**Required action**
Exactly the line that contains "Locate every toy" and the lines following it to the end of the data are to be reproduced, and nothing more.

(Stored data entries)
- - -
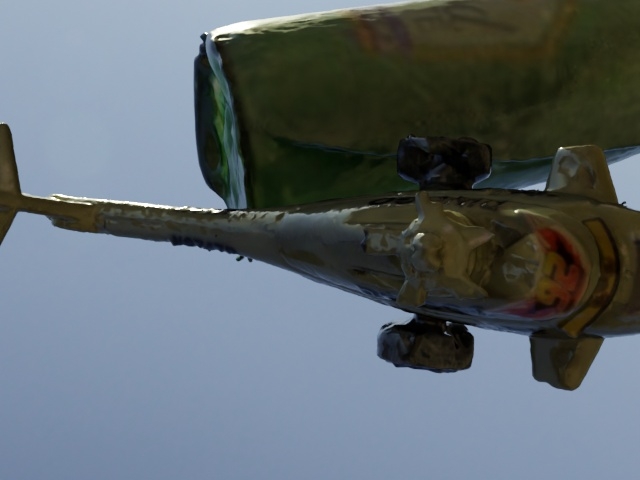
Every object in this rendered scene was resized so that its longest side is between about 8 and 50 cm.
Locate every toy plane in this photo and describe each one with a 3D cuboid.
[{"bbox_3d":[0.000,0.000,0.502,0.108,0.286,0.092,2,-85,-64],"label":"toy plane"}]

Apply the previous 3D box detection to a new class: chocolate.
[{"bbox_3d":[0.091,-0.070,0.612,0.291,0.110,0.110,-12,-117,-14],"label":"chocolate"}]
- - -
**Your solution**
Locate every toy plane in this photo and describe each one with a 3D cuboid.
[{"bbox_3d":[0.000,0.000,0.502,0.108,0.286,0.092,2,-85,-64],"label":"toy plane"}]

Apply the previous 3D box detection to a new class: chocolate.
[{"bbox_3d":[0.091,-0.070,0.612,0.291,0.110,0.110,-12,-117,-14],"label":"chocolate"}]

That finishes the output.